◆ EXERCISE DETAILS: The records sit below. Return every line in them that holds the word "right".

◆ RECORDS FOR THIS EXERCISE:
= Beginning of Section =

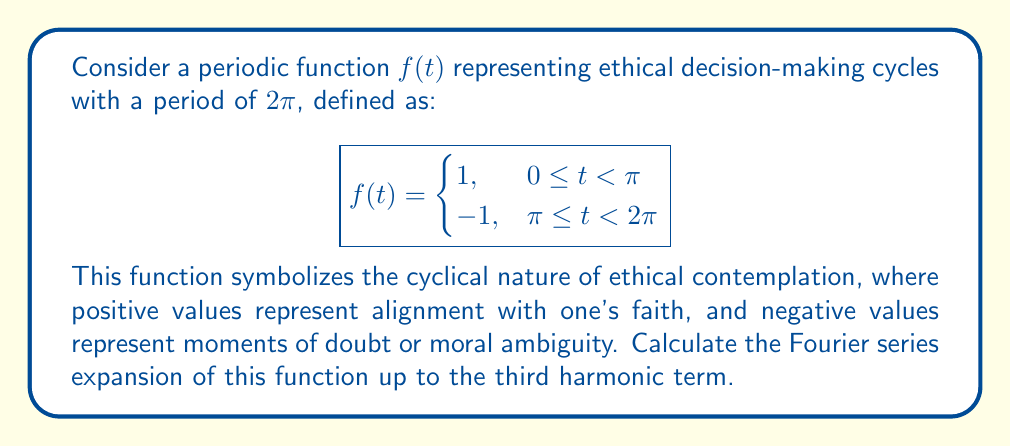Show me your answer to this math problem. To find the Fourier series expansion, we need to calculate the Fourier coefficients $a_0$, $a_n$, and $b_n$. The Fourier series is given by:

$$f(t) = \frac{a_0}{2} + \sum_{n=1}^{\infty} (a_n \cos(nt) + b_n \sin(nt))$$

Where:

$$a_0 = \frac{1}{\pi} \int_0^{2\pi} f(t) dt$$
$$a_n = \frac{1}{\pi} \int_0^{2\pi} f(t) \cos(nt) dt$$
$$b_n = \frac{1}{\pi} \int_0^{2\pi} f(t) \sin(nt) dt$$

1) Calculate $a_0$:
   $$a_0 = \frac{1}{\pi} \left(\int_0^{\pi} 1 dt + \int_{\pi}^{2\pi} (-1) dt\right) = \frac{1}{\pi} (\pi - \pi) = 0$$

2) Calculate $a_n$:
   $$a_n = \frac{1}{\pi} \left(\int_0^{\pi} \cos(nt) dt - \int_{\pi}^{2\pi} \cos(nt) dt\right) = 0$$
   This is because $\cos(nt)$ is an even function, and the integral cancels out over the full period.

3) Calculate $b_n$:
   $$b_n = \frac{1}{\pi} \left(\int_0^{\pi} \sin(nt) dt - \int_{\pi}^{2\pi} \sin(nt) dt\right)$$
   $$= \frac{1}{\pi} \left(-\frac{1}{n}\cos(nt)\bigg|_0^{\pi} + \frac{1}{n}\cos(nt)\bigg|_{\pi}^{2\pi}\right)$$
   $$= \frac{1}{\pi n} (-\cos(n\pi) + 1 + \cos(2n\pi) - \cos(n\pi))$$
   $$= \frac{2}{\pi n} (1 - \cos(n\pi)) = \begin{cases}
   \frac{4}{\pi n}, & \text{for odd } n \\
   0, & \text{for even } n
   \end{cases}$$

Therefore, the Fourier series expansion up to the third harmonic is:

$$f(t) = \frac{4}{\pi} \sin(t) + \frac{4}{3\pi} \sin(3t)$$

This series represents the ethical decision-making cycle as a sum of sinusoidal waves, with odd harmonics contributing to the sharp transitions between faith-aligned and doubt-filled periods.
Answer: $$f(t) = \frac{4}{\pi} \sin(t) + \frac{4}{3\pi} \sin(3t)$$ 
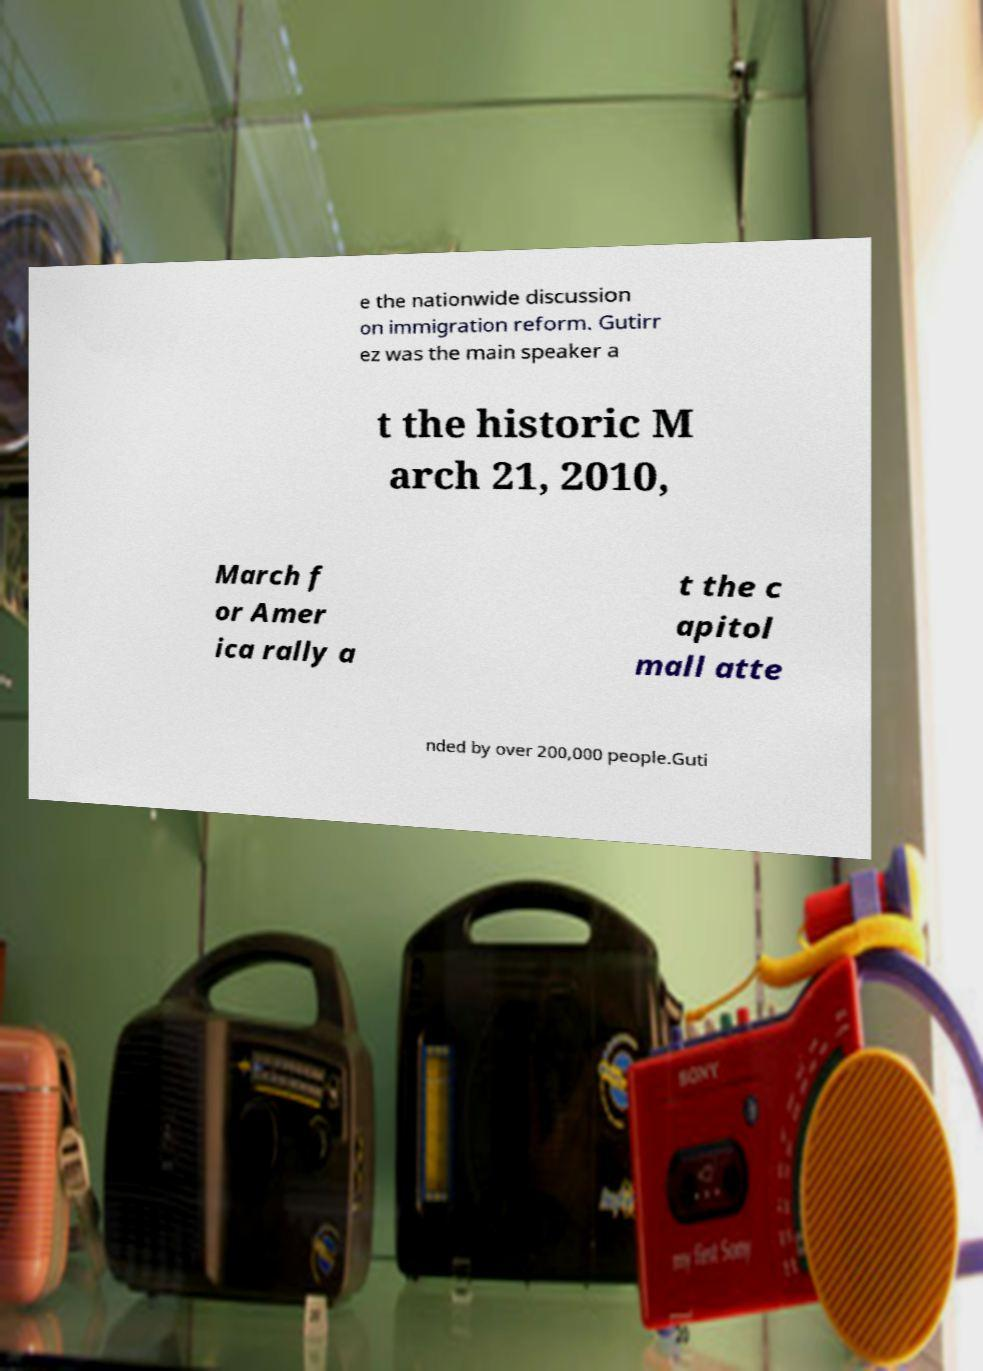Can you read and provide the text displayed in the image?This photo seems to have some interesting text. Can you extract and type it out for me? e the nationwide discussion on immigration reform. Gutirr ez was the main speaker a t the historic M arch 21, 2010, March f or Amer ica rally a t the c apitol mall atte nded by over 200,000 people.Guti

= End of Section =

◆ ANSWER BOX:
   $$a_0 = \frac{1}{\pi} \left(\int_0^{\pi} 1 dt + \int_{\pi}^{2\pi} (-1) dt\right) = \frac{1}{\pi} (\pi - \pi) = 0$$
   $$a_n = \frac{1}{\pi} \left(\int_0^{\pi} \cos(nt) dt - \int_{\pi}^{2\pi} \cos(nt) dt\right) = 0$$
   $$b_n = \frac{1}{\pi} \left(\int_0^{\pi} \sin(nt) dt - \int_{\pi}^{2\pi} \sin(nt) dt\right)$$
   $$= \frac{1}{\pi} \left(-\frac{1}{n}\cos(nt)\bigg|_0^{\pi} + \frac{1}{n}\cos(nt)\bigg|_{\pi}^{2\pi}\right)$$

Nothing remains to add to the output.